While the absence or presence of a gene could be assessed via other potential quality control measures, the Affymetrix detection call seems to provide useful information for gene filtering.
Note that the summary curves of mean correlation shown in Figure 2 are the weighted means of the curves by presence status shown in Figure 6. We can, for example, explain that the high correlations at low variability for RMA in Figure 2 are mainly due to absent/absent pairs in the expression data. The slight negative dip for genes at the middle range of variability in Figure 2 is the effect of an incomplete cancelation between the positive correlations for absent/absent pairs and the negative correlations for absent/present pairs in this range.
Residual correlation is only weakly related to the expression level of genes
Detection of a gene is trivially related to the relative abundance of its mRNA in the sample. Thus, genes that are expressed at the lower end of the detection range are much more likely to be absent. This might indicate that the relationship between the absence/presence of genes and their residual correlation is in fact due to their difference in abundance, and that by focusing on genes with a minimum expression level, we could avoid residual correlation altogether.

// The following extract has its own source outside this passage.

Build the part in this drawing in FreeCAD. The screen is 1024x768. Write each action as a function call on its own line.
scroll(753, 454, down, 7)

Figure 8 shows that this is not the case: when plotting correlations against standard deviations grouped by intensity in the breast cancer data, we found that the pattern of correlation depends more on the percentage of present calls than on the intensity level. The pattern we saw previously in Figure 6 was observed at different levels of intensity: (i) pairs where both genes are mostly absent tend to be positively correlated, (ii) pairs with one gene mostly absent and one gene mostly present tend to be negatively correlated, and (iii) genes where both partners are mostly present tend to be almost uncorrelated. This pattern is most pronounced at low and medium intensities, and it is stronger for RMA and MBEI, but it is consistently seen, also at high intensities and for MAS5 values.
In summary it seems strongly preferable to define a gene filter according to absent/present calls than according to the gene intensity levels.

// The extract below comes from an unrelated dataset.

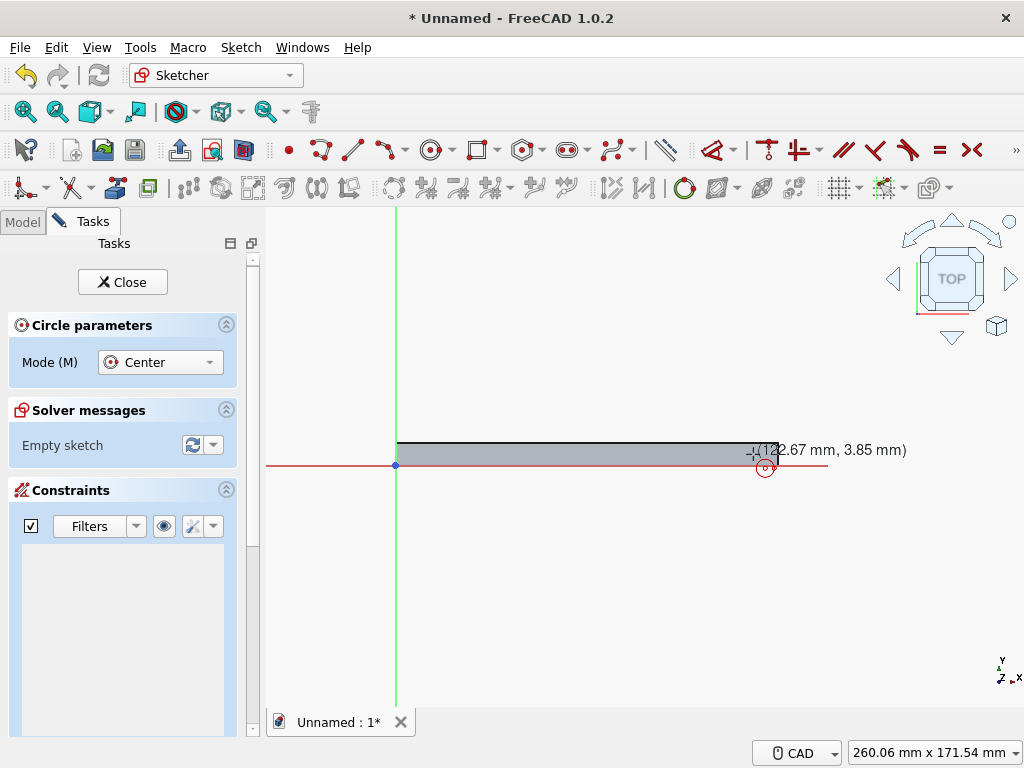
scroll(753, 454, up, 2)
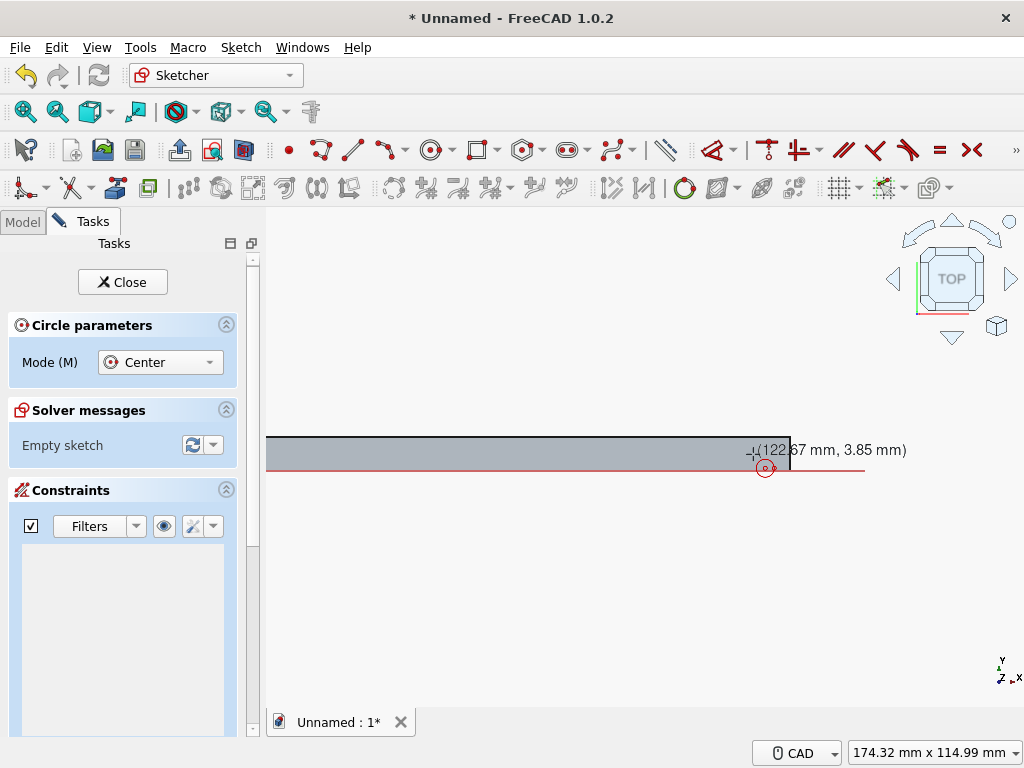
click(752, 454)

Note that correlation between the intensity and presence of genes is reflected by the number of pairs that contribute to each curve in Figure 8: there were relatively more present/present gene pairs and less absent/absent pairs at high intensities, and vice versa for low intensities; curves with lower pair counts have correspondingly wider confidence intervals.
Filtering out absent genes reduces residual correlation
Figure 9 demonstrates for the breast cancer data how the filtering of genes with a large number of absent calls can reduce residual correlation for normalized expression values. In this case, the 5000 pairs of genes were randomly sampled from subsets of genes with an increasing percentage of present calls. Already by excluding genes that are always absent, the level of systematic correlation was reduced below 0.04 for all expression measures, though the pattern of positive correlations for genes with low variability was still present; by considering only genes with at least 20% present calls, we found that this pattern is reversed for RMA and MBEI, but not for MAS5. Further restrictions did not change this pattern, but increased the absolute level of residual correlation.